Because of the limitations on how often the data can be extracted with API-endpoints in DSA_ tables, the following Execution job failed previously.
I wanted to exclude the tables that are already updated so i have defined the tables that i dont want to run. Is this the right way to do it?  

 

 

Dear @aftabp ,
I would recon this would work well. By excluding the tables you dont want to run you make sure that the API does not gets requested more then it should.

If you just want to run one or two table from the DSA on you could either create a new perspective which is not dynamic or just put in the table you want to run from the DSA (to MDW and semantic layer).
It just depends how any table you have which indicates how much work it is to do and maintain.

Hope this helps

= Daniel


Hi @aftabp 

I have seen that excluding complete areas makes the executions a bit slow. It checks all the tables in each part that is excluded which takes some time.

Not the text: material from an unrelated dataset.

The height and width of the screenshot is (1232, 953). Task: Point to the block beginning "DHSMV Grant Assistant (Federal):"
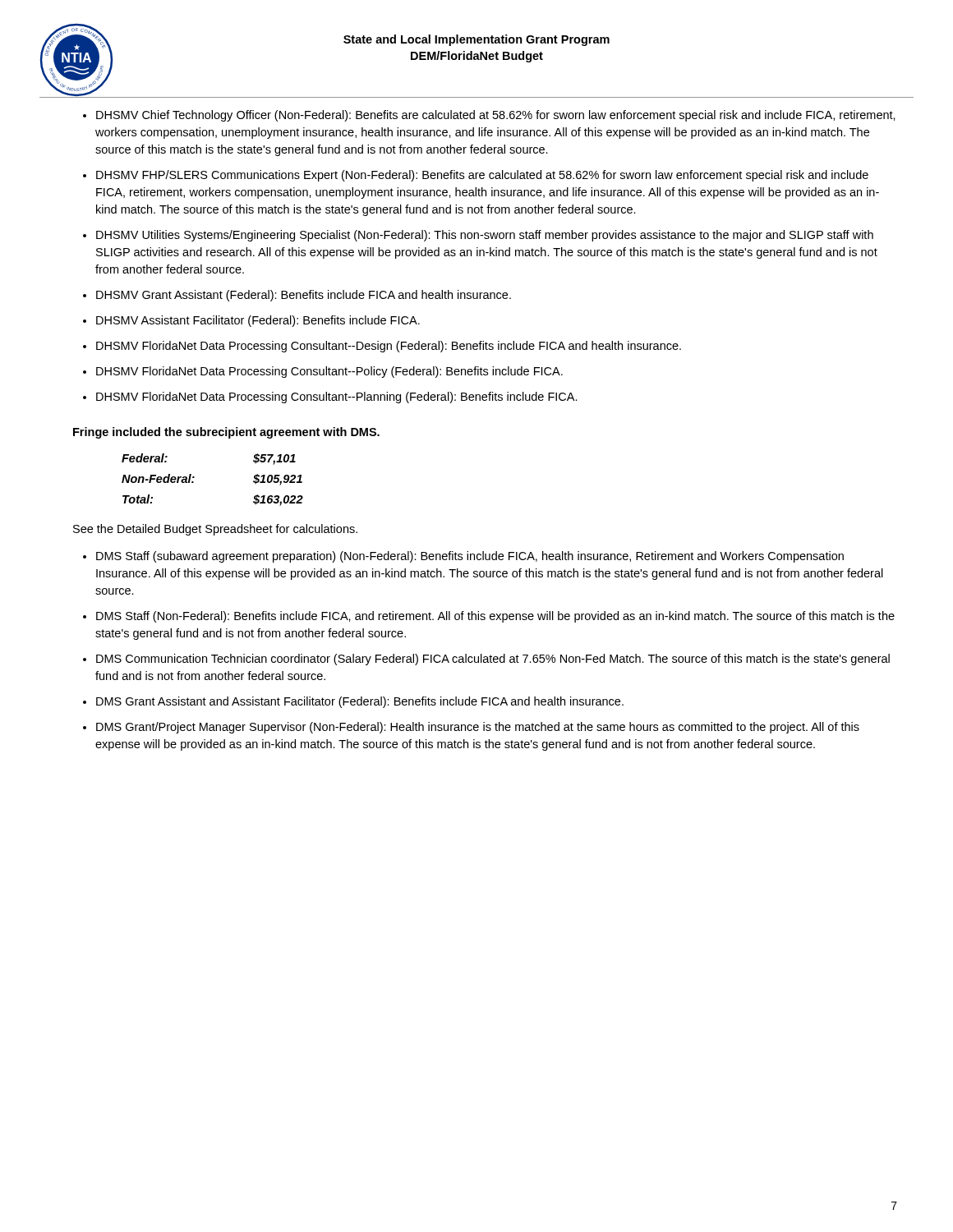pos(304,295)

So this will work when it mainly is individual tables you exclude, but be slower when adding whole areas.

So think about the perspective you added there. It may be OK with a perspective, where I mainly have seen the issues is if you add a perspective to be excluded and then add a DWH or all semantic models in the exclude area.


@Thomas Lind 
Execuse my ignorance but by area you mean exclude the whole DSA?

The view is in DSA so wouldnt excluding DSA would also exclude the update of the view?

Or, how do you mean?


 

 

Hi @aftabp 

Yes I meant something like the whole DSA Data Warehouse. My point was that it was better to exclude individual tables compared to areas, so this setup

would be faster than this setup

This is because it does not have to read all the redundant tables in the DSA. It will read all of them and find that they are to be skipped even though they weren’t going to be executed in the first place.